'''

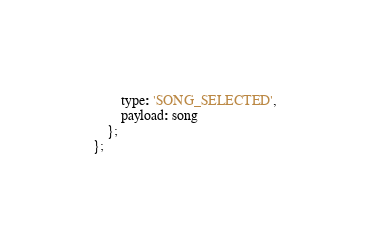<code> <loc_0><loc_0><loc_500><loc_500><_JavaScript_>        type: 'SONG_SELECTED',
        payload: song
    };
};
</code> 
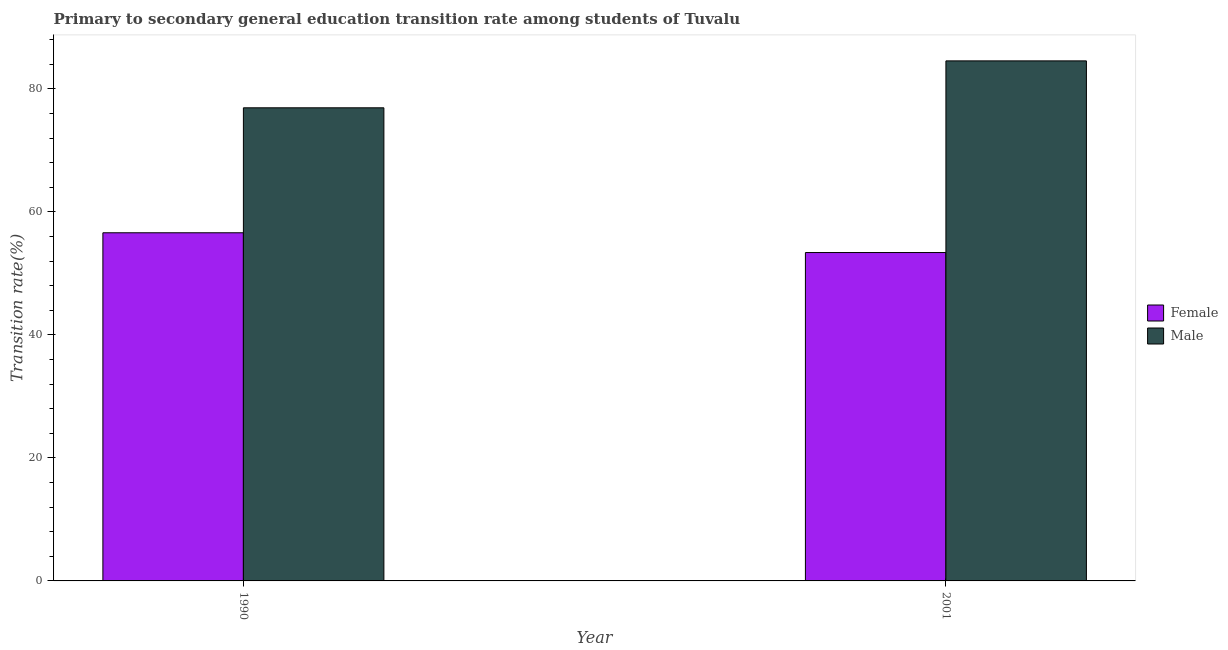Are the number of bars on each tick of the X-axis equal?
Give a very brief answer. Yes. How many bars are there on the 1st tick from the left?
Ensure brevity in your answer.  2. How many bars are there on the 2nd tick from the right?
Your response must be concise. 2. In how many cases, is the number of bars for a given year not equal to the number of legend labels?
Your answer should be very brief. 0. What is the transition rate among male students in 1990?
Your response must be concise. 76.92. Across all years, what is the maximum transition rate among female students?
Make the answer very short. 56.6. Across all years, what is the minimum transition rate among male students?
Give a very brief answer. 76.92. In which year was the transition rate among female students maximum?
Ensure brevity in your answer.  1990. What is the total transition rate among male students in the graph?
Ensure brevity in your answer.  161.48. What is the difference between the transition rate among female students in 1990 and that in 2001?
Offer a terse response. 3.21. What is the difference between the transition rate among female students in 1990 and the transition rate among male students in 2001?
Your answer should be very brief. 3.21. What is the average transition rate among male students per year?
Provide a short and direct response. 80.74. In the year 2001, what is the difference between the transition rate among female students and transition rate among male students?
Offer a very short reply. 0. What is the ratio of the transition rate among female students in 1990 to that in 2001?
Your answer should be very brief. 1.06. In how many years, is the transition rate among female students greater than the average transition rate among female students taken over all years?
Provide a short and direct response. 1. What does the 1st bar from the right in 1990 represents?
Provide a succinct answer. Male. What is the difference between two consecutive major ticks on the Y-axis?
Offer a terse response. 20. How many legend labels are there?
Your answer should be very brief. 2. What is the title of the graph?
Give a very brief answer. Primary to secondary general education transition rate among students of Tuvalu. What is the label or title of the X-axis?
Ensure brevity in your answer.  Year. What is the label or title of the Y-axis?
Offer a very short reply. Transition rate(%). What is the Transition rate(%) of Female in 1990?
Offer a very short reply. 56.6. What is the Transition rate(%) in Male in 1990?
Your response must be concise. 76.92. What is the Transition rate(%) of Female in 2001?
Your answer should be compact. 53.39. What is the Transition rate(%) in Male in 2001?
Make the answer very short. 84.55. Across all years, what is the maximum Transition rate(%) in Female?
Your answer should be compact. 56.6. Across all years, what is the maximum Transition rate(%) in Male?
Provide a short and direct response. 84.55. Across all years, what is the minimum Transition rate(%) of Female?
Offer a terse response. 53.39. Across all years, what is the minimum Transition rate(%) in Male?
Provide a succinct answer. 76.92. What is the total Transition rate(%) of Female in the graph?
Provide a short and direct response. 109.99. What is the total Transition rate(%) in Male in the graph?
Your answer should be compact. 161.48. What is the difference between the Transition rate(%) in Female in 1990 and that in 2001?
Your answer should be very brief. 3.21. What is the difference between the Transition rate(%) in Male in 1990 and that in 2001?
Provide a succinct answer. -7.63. What is the difference between the Transition rate(%) of Female in 1990 and the Transition rate(%) of Male in 2001?
Provide a short and direct response. -27.95. What is the average Transition rate(%) of Female per year?
Your response must be concise. 55. What is the average Transition rate(%) of Male per year?
Your answer should be very brief. 80.74. In the year 1990, what is the difference between the Transition rate(%) in Female and Transition rate(%) in Male?
Give a very brief answer. -20.32. In the year 2001, what is the difference between the Transition rate(%) of Female and Transition rate(%) of Male?
Ensure brevity in your answer.  -31.16. What is the ratio of the Transition rate(%) of Female in 1990 to that in 2001?
Keep it short and to the point. 1.06. What is the ratio of the Transition rate(%) of Male in 1990 to that in 2001?
Keep it short and to the point. 0.91. What is the difference between the highest and the second highest Transition rate(%) in Female?
Your answer should be very brief. 3.21. What is the difference between the highest and the second highest Transition rate(%) in Male?
Offer a very short reply. 7.63. What is the difference between the highest and the lowest Transition rate(%) in Female?
Keep it short and to the point. 3.21. What is the difference between the highest and the lowest Transition rate(%) of Male?
Make the answer very short. 7.63. 
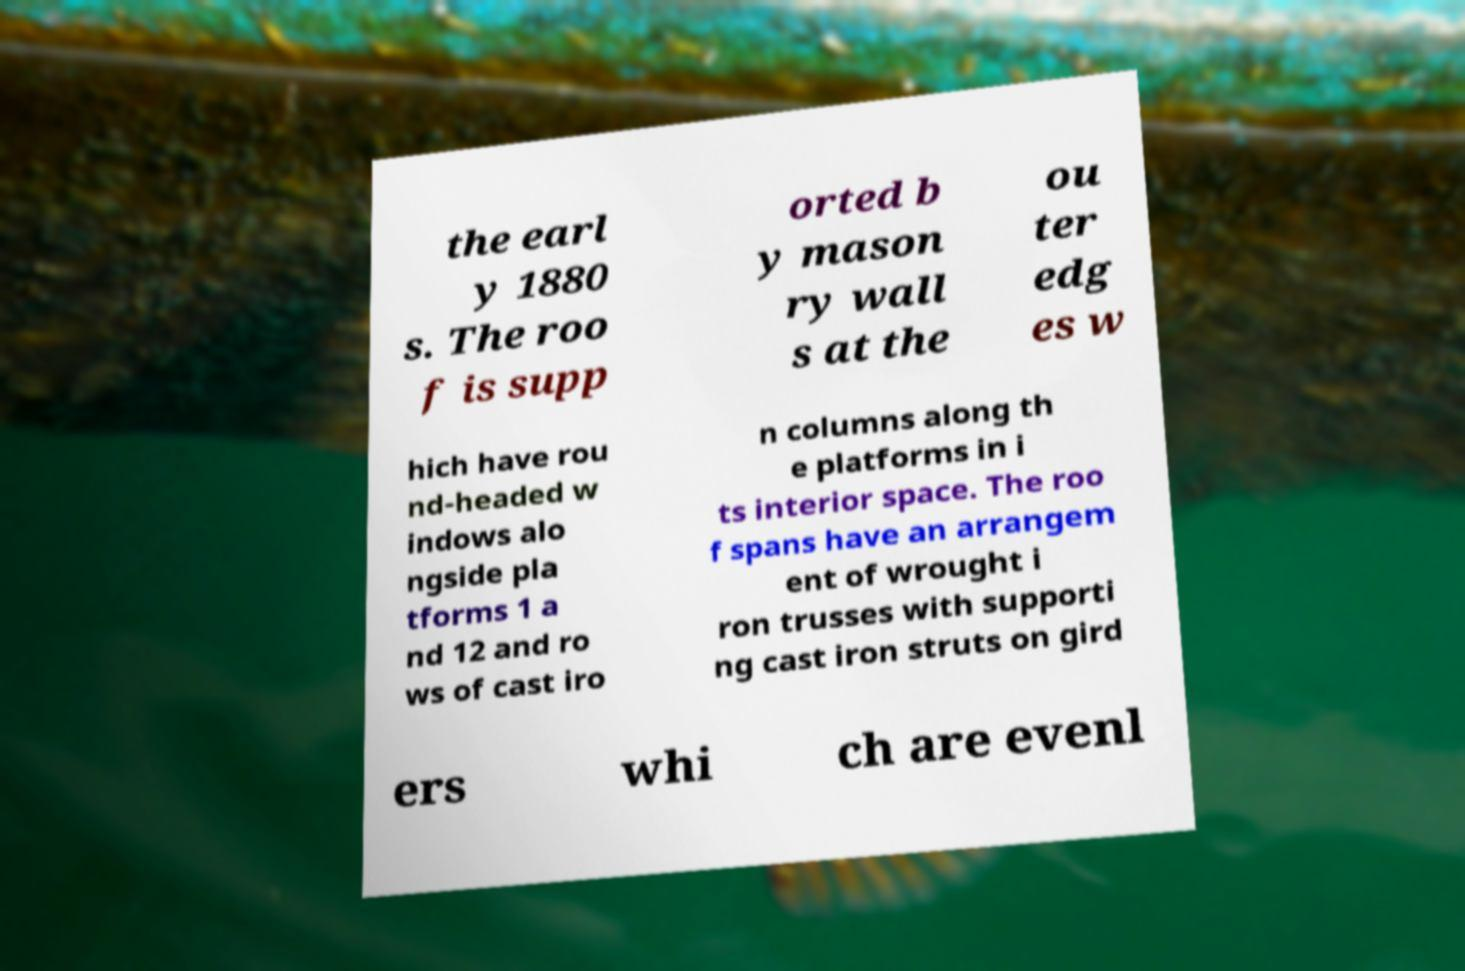Can you read and provide the text displayed in the image?This photo seems to have some interesting text. Can you extract and type it out for me? the earl y 1880 s. The roo f is supp orted b y mason ry wall s at the ou ter edg es w hich have rou nd-headed w indows alo ngside pla tforms 1 a nd 12 and ro ws of cast iro n columns along th e platforms in i ts interior space. The roo f spans have an arrangem ent of wrought i ron trusses with supporti ng cast iron struts on gird ers whi ch are evenl 
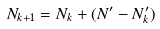<formula> <loc_0><loc_0><loc_500><loc_500>N _ { k + 1 } = N _ { k } + ( N ^ { \prime } - N ^ { \prime } _ { k } )</formula> 
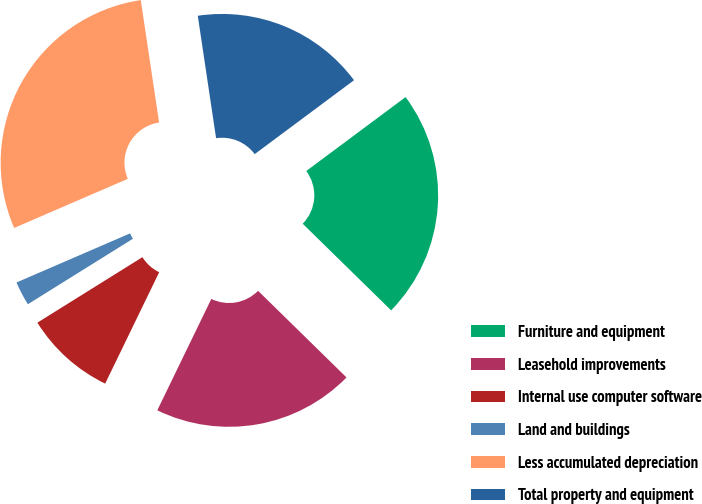Convert chart. <chart><loc_0><loc_0><loc_500><loc_500><pie_chart><fcel>Furniture and equipment<fcel>Leasehold improvements<fcel>Internal use computer software<fcel>Land and buildings<fcel>Less accumulated depreciation<fcel>Total property and equipment<nl><fcel>22.52%<fcel>19.85%<fcel>8.94%<fcel>2.38%<fcel>29.13%<fcel>17.18%<nl></chart> 
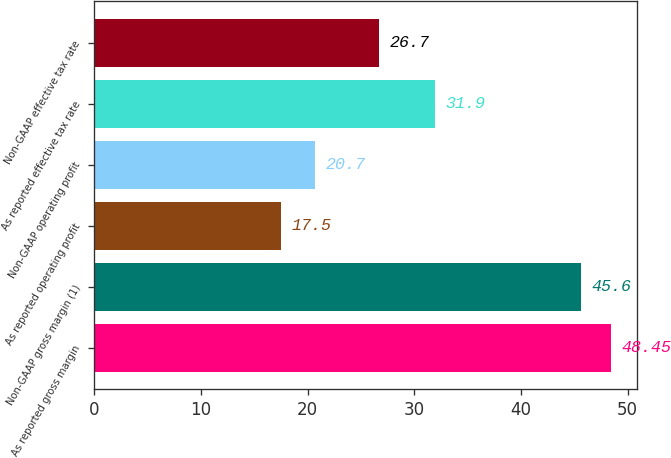<chart> <loc_0><loc_0><loc_500><loc_500><bar_chart><fcel>As reported gross margin<fcel>Non-GAAP gross margin (1)<fcel>As reported operating profit<fcel>Non-GAAP operating profit<fcel>As reported effective tax rate<fcel>Non-GAAP effective tax rate<nl><fcel>48.45<fcel>45.6<fcel>17.5<fcel>20.7<fcel>31.9<fcel>26.7<nl></chart> 
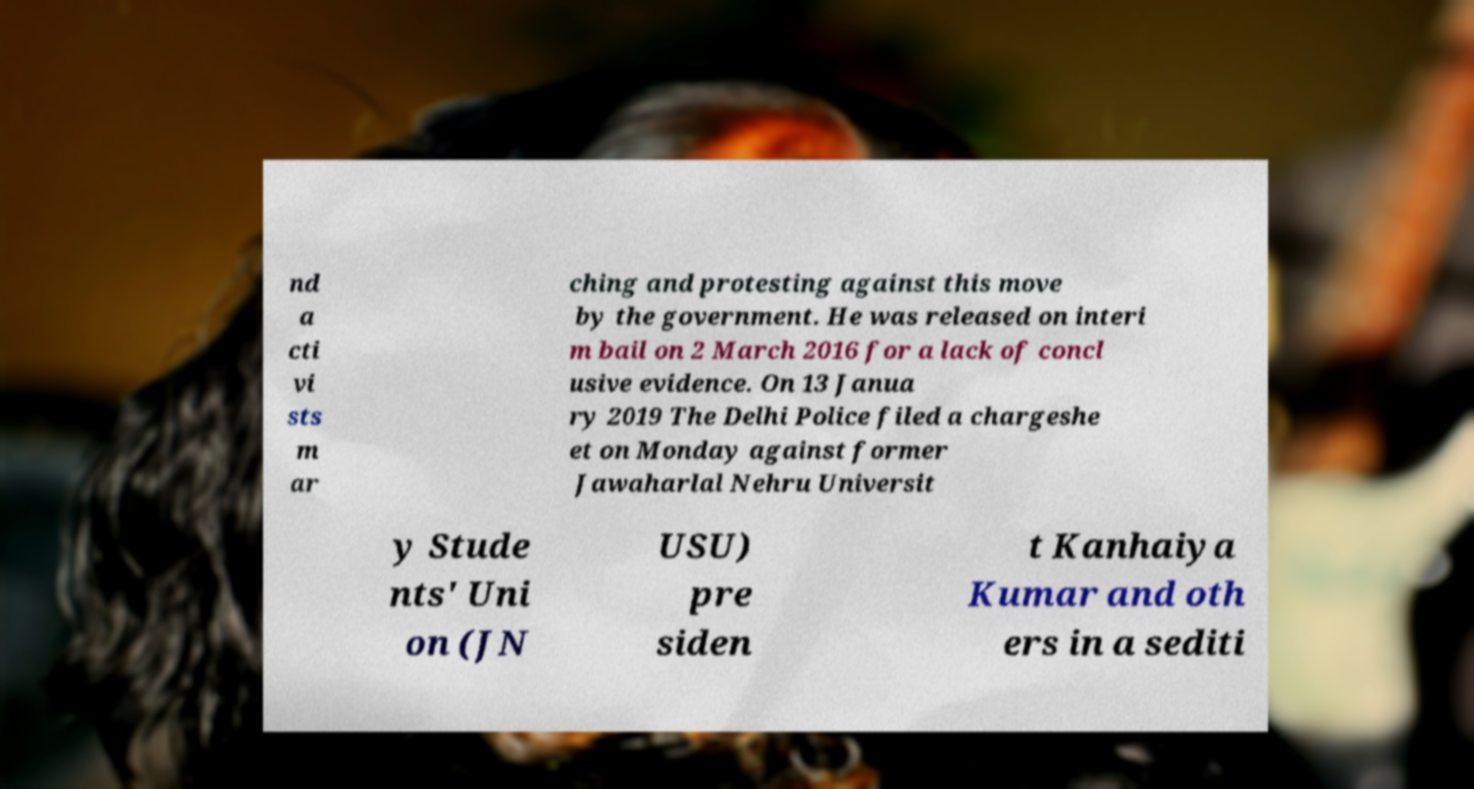There's text embedded in this image that I need extracted. Can you transcribe it verbatim? nd a cti vi sts m ar ching and protesting against this move by the government. He was released on interi m bail on 2 March 2016 for a lack of concl usive evidence. On 13 Janua ry 2019 The Delhi Police filed a chargeshe et on Monday against former Jawaharlal Nehru Universit y Stude nts' Uni on (JN USU) pre siden t Kanhaiya Kumar and oth ers in a sediti

'''

### Problem to solve
Produce the material above again in full, with identical lines and no pictures.

### Response for this exercise
<code> <loc_0><loc_0><loc_500><loc_500><_JavaScript_>        type: 'SONG_SELECTED',
        payload: song
    };
};
</code> 
Are the number of bars on each tick of the X-axis equal?
Give a very brief answer. Yes. How many bars are there on the 1st tick from the left?
Ensure brevity in your answer.  2. How many bars are there on the 2nd tick from the right?
Your response must be concise. 2. In how many cases, is the number of bars for a given year not equal to the number of legend labels?
Your answer should be very brief. 0. What is the transition rate among male students in 1990?
Your response must be concise. 76.92. Across all years, what is the maximum transition rate among female students?
Make the answer very short. 56.6. Across all years, what is the minimum transition rate among male students?
Give a very brief answer. 76.92. In which year was the transition rate among female students maximum?
Ensure brevity in your answer.  1990. What is the total transition rate among male students in the graph?
Ensure brevity in your answer.  161.48. What is the difference between the transition rate among female students in 1990 and that in 2001?
Offer a terse response. 3.21. What is the difference between the transition rate among female students in 1990 and the transition rate among male students in 2001?
Your answer should be very brief. 3.21. What is the average transition rate among male students per year?
Provide a short and direct response. 80.74. In the year 2001, what is the difference between the transition rate among female students and transition rate among male students?
Offer a very short reply. 0. What is the ratio of the transition rate among female students in 1990 to that in 2001?
Your answer should be very brief. 1.06. In how many years, is the transition rate among female students greater than the average transition rate among female students taken over all years?
Provide a short and direct response. 1. What does the 1st bar from the right in 1990 represents?
Provide a succinct answer. Male. What is the difference between two consecutive major ticks on the Y-axis?
Offer a terse response. 20. How many legend labels are there?
Your answer should be very brief. 2. What is the title of the graph?
Give a very brief answer. Primary to secondary general education transition rate among students of Tuvalu. What is the label or title of the X-axis?
Ensure brevity in your answer.  Year. What is the label or title of the Y-axis?
Offer a very short reply. Transition rate(%). What is the Transition rate(%) of Female in 1990?
Offer a very short reply. 56.6. What is the Transition rate(%) in Male in 1990?
Your response must be concise. 76.92. What is the Transition rate(%) of Female in 2001?
Your answer should be compact. 53.39. What is the Transition rate(%) in Male in 2001?
Make the answer very short. 84.55. Across all years, what is the maximum Transition rate(%) in Female?
Your answer should be compact. 56.6. Across all years, what is the maximum Transition rate(%) in Male?
Provide a short and direct response. 84.55. Across all years, what is the minimum Transition rate(%) of Female?
Offer a terse response. 53.39. Across all years, what is the minimum Transition rate(%) in Male?
Provide a succinct answer. 76.92. What is the total Transition rate(%) of Female in the graph?
Provide a short and direct response. 109.99. What is the total Transition rate(%) in Male in the graph?
Your answer should be compact. 161.48. What is the difference between the Transition rate(%) in Female in 1990 and that in 2001?
Your answer should be very brief. 3.21. What is the difference between the Transition rate(%) in Male in 1990 and that in 2001?
Provide a succinct answer. -7.63. What is the difference between the Transition rate(%) of Female in 1990 and the Transition rate(%) of Male in 2001?
Provide a short and direct response. -27.95. What is the average Transition rate(%) of Female per year?
Your response must be concise. 55. What is the average Transition rate(%) of Male per year?
Your answer should be very brief. 80.74. In the year 1990, what is the difference between the Transition rate(%) in Female and Transition rate(%) in Male?
Give a very brief answer. -20.32. In the year 2001, what is the difference between the Transition rate(%) of Female and Transition rate(%) of Male?
Ensure brevity in your answer.  -31.16. What is the ratio of the Transition rate(%) of Female in 1990 to that in 2001?
Keep it short and to the point. 1.06. What is the ratio of the Transition rate(%) of Male in 1990 to that in 2001?
Keep it short and to the point. 0.91. What is the difference between the highest and the second highest Transition rate(%) in Female?
Your answer should be very brief. 3.21. What is the difference between the highest and the second highest Transition rate(%) in Male?
Offer a very short reply. 7.63. What is the difference between the highest and the lowest Transition rate(%) in Female?
Keep it short and to the point. 3.21. What is the difference between the highest and the lowest Transition rate(%) of Male?
Make the answer very short. 7.63. 
Can you read and provide the text displayed in the image?This photo seems to have some interesting text. Can you extract and type it out for me? the earl y 1880 s. The roo f is supp orted b y mason ry wall s at the ou ter edg es w hich have rou nd-headed w indows alo ngside pla tforms 1 a nd 12 and ro ws of cast iro n columns along th e platforms in i ts interior space. The roo f spans have an arrangem ent of wrought i ron trusses with supporti ng cast iron struts on gird ers whi ch are evenl 
<formula> <loc_0><loc_0><loc_500><loc_500>N _ { k + 1 } = N _ { k } + ( N ^ { \prime } - N ^ { \prime } _ { k } )</formula> 
Convert chart. <chart><loc_0><loc_0><loc_500><loc_500><pie_chart><fcel>Furniture and equipment<fcel>Leasehold improvements<fcel>Internal use computer software<fcel>Land and buildings<fcel>Less accumulated depreciation<fcel>Total property and equipment<nl><fcel>22.52%<fcel>19.85%<fcel>8.94%<fcel>2.38%<fcel>29.13%<fcel>17.18%<nl></chart> 
<chart> <loc_0><loc_0><loc_500><loc_500><bar_chart><fcel>As reported gross margin<fcel>Non-GAAP gross margin (1)<fcel>As reported operating profit<fcel>Non-GAAP operating profit<fcel>As reported effective tax rate<fcel>Non-GAAP effective tax rate<nl><fcel>48.45<fcel>45.6<fcel>17.5<fcel>20.7<fcel>31.9<fcel>26.7<nl></chart> 
There's text embedded in this image that I need extracted. Can you transcribe it verbatim? nd a cti vi sts m ar ching and protesting against this move by the government. He was released on interi m bail on 2 March 2016 for a lack of concl usive evidence. On 13 Janua ry 2019 The Delhi Police filed a chargeshe et on Monday against former Jawaharlal Nehru Universit y Stude nts' Uni on (JN USU) pre siden t Kanhaiya Kumar and oth ers in a sediti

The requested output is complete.